FOR SAMA (2019): This agonizingly intimate account of the Syrian war will make you forget about your first-world problems
Two young boys, hardly the age of ten, both covered in dust, are rushing the lifeless body of another young boy into a makeshift hospital in Aleppo. A missile hit their house. The boy, Mohammed Ameen, was their brother. Their mother arrives, looking for her child. She insists on carrying the body herself; “My darling is dead. He’s dead.” There is no censoring whatsoever in this scene; the blood, the dust, the pain is raw and achingly visible.
Another moment, little children are painting the remnants of a burned school bus, a glimpse of happiness is evident in their faces. A break from war where they are finally allowed to be children. A colourful moment in a dark childhood, until the audience is reminded; “It was bombed… (it was) a cluster bomb,” explains a little girl, whose age should barely allow for the grasp of such vocabulary.

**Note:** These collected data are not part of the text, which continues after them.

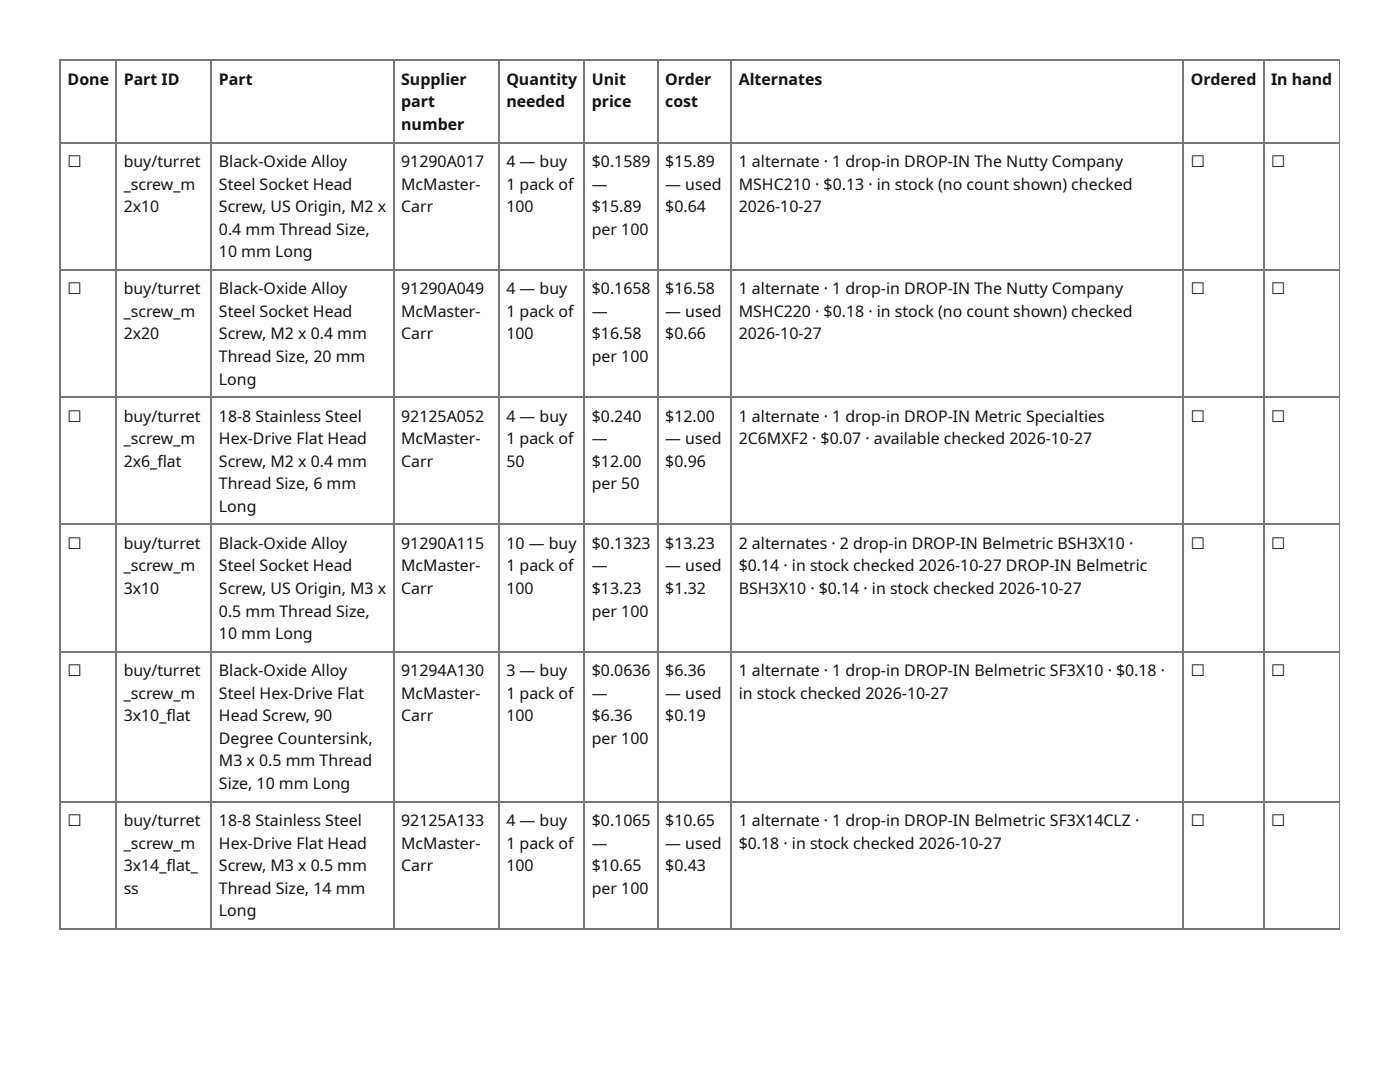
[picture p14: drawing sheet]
<svg xmlns="http://www.w3.org/2000/svg" width="279mm" height="216mm" viewBox="0 0 279 216" stroke-linecap="round" stroke-linejoin="round" font-family="sans-serif">
<defs><g id="words">
<g font-size="3.2" fill="#111">
<text x="13.5" y="16.9">Done</text>
<text x="24.7" y="16.9">Part ID</text>
<text x="43.7" y="16.9">Part</text>
<text x="80.1" y="16.9">Supplier</text>
<text x="101.1" y="16.9">Quantity</text>
<text x="118.1" y="16.9">Unit</text>
<text x="132.8" y="16.9">Order</text>
<text x="147.4" y="16.9">Alternates</text>
<text x="237.7" y="16.9">Ordered</text>
<text x="253.7" y="16.9">In hand</text>
<text x="80.1" y="21.4">part</text>
<text x="101.1" y="21.4">needed</text>
<text x="118.1" y="21.4">price</text>
<text x="132.8" y="21.4">cost</text>
<text x="80.1" y="25.9">number</text>
<text x="13.5" y="33.3">☐</text>
<text x="24.7" y="33.3">buy/turret</text>
<text x="43.7" y="33.3">Black-Oxide Alloy</text>
<text x="80.1" y="33.3">91290A017</text>
<text x="101.1" y="33.3">4 — buy</text>
<text x="118.1" y="33.3">$0.1589</text>
<text x="132.8" y="33.3">$15.89</text>
<text x="147.4" y="33.3">1 alternate · 1 drop-in DROP-IN The Nutty Company</text>
<text x="237.7" y="33.3">☐</text>
<text x="253.7" y="33.3">☐</text>
<text x="24.7" y="37.8">_screw_m</text>
<text x="43.7" y="37.8">Steel Socket Head</text>
<text x="80.1" y="37.8">McMaster-</text>
<text x="101.1" y="37.8">1 pack of</text>
<text x="118.1" y="37.8">—</text>
<text x="132.8" y="37.8">— used</text>
<text x="147.4" y="37.8">MSHC210 · $0.13 · in stock (no count shown) checked</text>
<text x="24.7" y="42.3">2x10</text>
<text x="43.7" y="42.3">Screw, US Origin, M2 x</text>
<text x="43.7" y="46.8">0.4 mm Thread Size,</text>
<text x="80.1" y="42.3">Carr</text>
<text x="101.1" y="42.3">100</text>
<text x="118.1" y="42.3">$15.89</text>
<text x="118.1" y="46.8">per 100</text>
<text x="132.8" y="42.3">$0.64</text>
<text x="147.4" y="42.3">2026-10-27</text>
<text x="43.7" y="51.3">10 mm Long</text>
<text x="13.5" y="58.7">☐</text>
<text x="24.7" y="58.7">buy/turret</text>
<text x="43.7" y="58.7">Black-Oxide Alloy</text>
<text x="80.1" y="58.7">91290A049</text>
<text x="101.1" y="58.7">4 — buy</text>
<text x="118.1" y="58.7">$0.1658</text>
<text x="132.8" y="58.7">$16.58</text>
<text x="147.4" y="58.7">1 alternate · 1 drop-in DROP-IN The Nutty Company</text>
<text x="237.7" y="58.7">☐</text>
<text x="253.7" y="58.7">☐</text>
<text x="24.7" y="63.2">_screw_m</text>
<text x="43.7" y="63.2">Steel Socket Head</text>
<text x="80.1" y="63.2">McMaster-</text>
<text x="101.1" y="63.2">1 pack of</text>
<text x="118.1" y="63.2">—</text>
<text x="132.8" y="63.2">— used</text>
<text x="147.4" y="63.2">MSHC220 · $0.18 · in stock (no count shown) checked</text>
<text x="24.7" y="67.7">2x20</text>
<text x="43.7" y="67.7">Screw, M2 x 0.4 mm</text>
<text x="80.1" y="67.7">Carr</text>
<text x="101.1" y="67.7">100</text>
<text x="118.1" y="67.7">$16.58</text>
<text x="132.8" y="67.7">$0.66</text>
<text x="147.4" y="67.7">2026-10-27</text>
<text x="43.7" y="72.2">Thread Size, 20 mm</text>
<text x="43.7" y="76.7">Long</text>
<text x="118.1" y="72.2">per 100</text>
<text x="13.5" y="84.1">☐</text>
<text x="24.7" y="84.1">buy/turret</text>
<text x="24.7" y="88.6">_screw_m</text>
<text x="43.7" y="84.1">18-8 Stainless Steel</text>
<text x="43.7" y="88.6">Hex-Drive Flat Head</text>
<text x="80.1" y="84.1">92125A052</text>
<text x="80.1" y="88.6">McMaster-</text>
<text x="101.1" y="84.1">4 — buy</text>
<text x="101.1" y="88.6">1 pack of</text>
<text x="118.1" y="84.1">$0.240</text>
<text x="118.1" y="88.6">—</text>
<text x="132.8" y="84.1">$12.00</text>
<text x="132.8" y="88.6">— used</text>
<text x="147.4" y="84.1">1 alternate · 1 drop-in DROP-IN Metric Specialties</text>
<text x="147.4" y="88.6">2C6MXF2 · $0.07 · available checked 2026-10-27</text>
<text x="237.7" y="84.1">☐</text>
<text x="253.7" y="84.1">☐</text>
<text x="24.7" y="93.1">2x6_fl at</text>
<text x="43.7" y="93.1">Screw, M2 x 0.4 mm</text>
<text x="80.1" y="93.1">Carr</text>
<text x="101.1" y="93.1">50</text>
<text x="118.1" y="93.1">$12.00</text>
<text x="132.8" y="93.1">$0.96</text>
<text x="43.7" y="97.6">Thread Size, 6 mm</text>
<text x="118.1" y="97.6">per 50</text>
<text x="43.7" y="102.1">Long</text>
<text x="13.5" y="109.5">☐</text>
<text x="24.7" y="109.5">buy/turret</text>
<text x="43.7" y="109.5">Black-Oxide Alloy</text>
<text x="80.1" y="109.5">91290A115</text>
<text x="101.1" y="109.5">10 — buy</text>
<text x="118.1" y="109.5">$0.1323</text>
<text x="132.8" y="109.5">$13.23</text>
<text x="147.4" y="109.5">2 alternates · 2 drop-in DROP-IN Belmetric BSH3X10 ·</text>
<text x="237.7" y="109.5">☐</text>
<text x="253.7" y="109.5">☐</text>
<text x="24.7" y="114">_screw_m</text>
<text x="24.7" y="118.5">3x10</text>
<text x="43.7" y="114">Steel Socket Head</text>
<text x="43.7" y="118.5">Screw, US Origin, M3 x</text>
<text x="80.1" y="114">McMaster-</text>
<text x="80.1" y="118.5">Carr</text>
<text x="101.1" y="114">1 pack of</text>
<text x="101.1" y="118.5">100</text>
<text x="118.1" y="114">—</text>
<text x="118.1" y="118.5">$13.23</text>
<text x="132.8" y="114">— used</text>
<text x="132.8" y="118.5">$1.32</text>
<text x="147.4" y="114">$0.14 · in stock checked 2026-10-27 DROP-IN Belmetric</text>
<text x="147.4" y="118.5">BSH3X10 · $0.14 · in stock checked 2026-10-27</text>
<text x="43.7" y="123">0.5 mm Thread Size,</text>
<text x="118.1" y="123">per 100</text>
<text x="43.7" y="127.5">10 mm Long</text>
<text x="13.5" y="134.9">☐</text>
<text x="24.7" y="134.9">buy/turret</text>
<text x="43.7" y="134.9">Black-Oxide Alloy</text>
<text x="80.1" y="134.9">91294A130</text>
<text x="101.1" y="134.9">3 — buy</text>
<text x="118.1" y="134.9">$0.0636</text>
<text x="132.8" y="134.9">$6.36</text>
<text x="147.4" y="134.9">1 alternate · 1 drop-in DROP-IN Belmetric SF3X10 · $0.18 ·</text>
<text x="237.7" y="134.9">☐</text>
<text x="253.7" y="134.9">☐</text>
<text x="24.7" y="139.4">_screw_m</text>
<text x="24.7" y="143.9">3x10_fl at</text>
<text x="43.7" y="139.4">Steel Hex-Drive Flat</text>
<text x="43.7" y="143.9">Head Screw, 90</text>
<text x="80.1" y="139.4">McMaster-</text>
<text x="80.1" y="143.9">Carr</text>
<text x="101.1" y="139.4">1 pack of</text>
<text x="101.1" y="143.9">100</text>
<text x="118.1" y="139.4">—</text>
<text x="118.1" y="143.9">$6.36</text>
<text x="132.8" y="139.4">— used</text>
<text x="132.8" y="143.9">$0.19</text>
<text x="147.4" y="139.4">in stock checked 2026-10-27</text>
<text x="43.7" y="148.4">Degree Countersink,</text>
<text x="118.1" y="148.4">per 100</text>
<text x="43.7" y="152.9">M3 x 0.5 mm Thread</text>
<text x="43.7" y="157.4">Size, 10 mm Long</text>
<text x="13.5" y="164.8">☐</text>
<text x="24.7" y="164.8">buy/turret</text>
<text x="43.7" y="164.8">18-8 Stainless Steel</text>
<text x="80.1" y="164.8">92125A133</text>
<text x="101.1" y="164.8">4 — buy</text>
<text x="118.1" y="164.8">$0.1065</text>
<text x="132.8" y="164.8">$10.65</text>
<text x="147.4" y="164.8">1 alternate · 1 drop-in DROP-IN Belmetric SF3X14CLZ ·</text>
<text x="237.7" y="164.8">☐</text>
<text x="253.7" y="164.8">☐</text>
<text x="24.7" y="169.3">_screw_m</text>
<text x="24.7" y="173.8">3x14_fl at_</text>
<text x="43.7" y="169.3">Hex-Drive Flat Head</text>
<text x="43.7" y="173.8">Screw, M3 x 0.5 mm</text>
<text x="80.1" y="169.3">McMaster-</text>
<text x="80.1" y="173.8">Carr</text>
<text x="101.1" y="169.3">1 pack of</text>
<text x="101.1" y="173.8">100</text>
<text x="118.1" y="169.3">—</text>
<text x="118.1" y="173.8">$10.65</text>
<text x="132.8" y="169.3">— used</text>
<text x="132.8" y="173.8">$0.43</text>
<text x="147.4" y="169.3">$0.18 · in stock checked 2026-10-27</text>
<text x="24.7" y="178.3">ss</text>
<text x="43.7" y="178.3">Thread Size, 14 mm</text>
<text x="118.1" y="178.3">per 100</text>
<text x="43.7" y="182.8">Long</text>
</g>
</g></defs>
<g fill="none" stroke="#777" stroke-width=".26">
<path d="M11.9 12h255.5M12 11.9v173.6M23.2 11.9v173.6M42.2 11.9v173.6M78.7 11.9v173.6M99.6 11.9v173.6M116.5 11.9v173.6M131.4 11.9v173.6M145.9 11.9v173.6M236.1 11.9v173.6M252.3 11.9v173.6M11.9 28.4h255.5"/>
<path d="M11.9 53.8h255.5M11.9 79.2h255.5M11.9 104.6h255.5M11.9 130h255.5M11.9 159.9h255.5M11.9 185.3h255.5"/>
</g>
<path d="M267.3 11.9v173.6" fill="none" stroke="#777" stroke-width=".2"/>
<use href="#words"/>
</svg>

Back in 2012, when she was a economics student, Waad al-Kateab picked up her mobile phone and started documenting Aleppo’s civil unrest and protests against Bashar al-Assad. Little did she know back then that six years later, she would be a wife, a mother, an Emmy award-winning filmmaker and a refugee. What began as innocent documenting via mobile phone videos, eventually composed a feature-length narration of one of the bleakest stories of contemporary history.
For Sama is one of the documentaries about the Syrian war that allows the audience to truly immerse themselves into the misery, cost, and quail of war through female eyes. Through the eyes of Waad al-Kateab, the audience experiences Syrian civil war life first-hand: falling in love and becoming a mother while fighting for justice and surviving devastation and terrible loss in times of war.
Social Life continues amidst shell-bombings and airstrikes. Waad makes friends whom she fights with for the freedom of Aleppo, falls in love and marries doctor Hamza al-Kateab, builds a home for their family time and time again, gives birth and raises a daughter. The film serves as a letter and an explanation for Waad’s firstborn daughter, Sama; “I need you to understand why your father and I made the choices we did,” she narrates, “what we were fighting for.”
While the technicality may be lacking at times, the occasional low audio-visual quality of the filming is readily forgiven. In this documentary, the creator is also the victim, who suffers and whose life is tragically transformed due to the events being documented. Put together brilliantly with co-director Edward Watts, this collage of intimate moments is at times so painfully raw and vivid, that tempts one to look away. Nevertheless, the sense of responsibility that comes with knowing that the harrowing images are real life, overpowers the temptation. And that, perhaps, is one of the most important functions of this documentary.
Uncensored accounts such as this one, providing the human element, may just be the antidote to the passivity induced by the nonchalant war-reporting of western media. It is highly unlikely that one’s compassion and understanding of the Syrian conflict or attitude towards Syrian refugees, remains unmoved upon watching For Sama.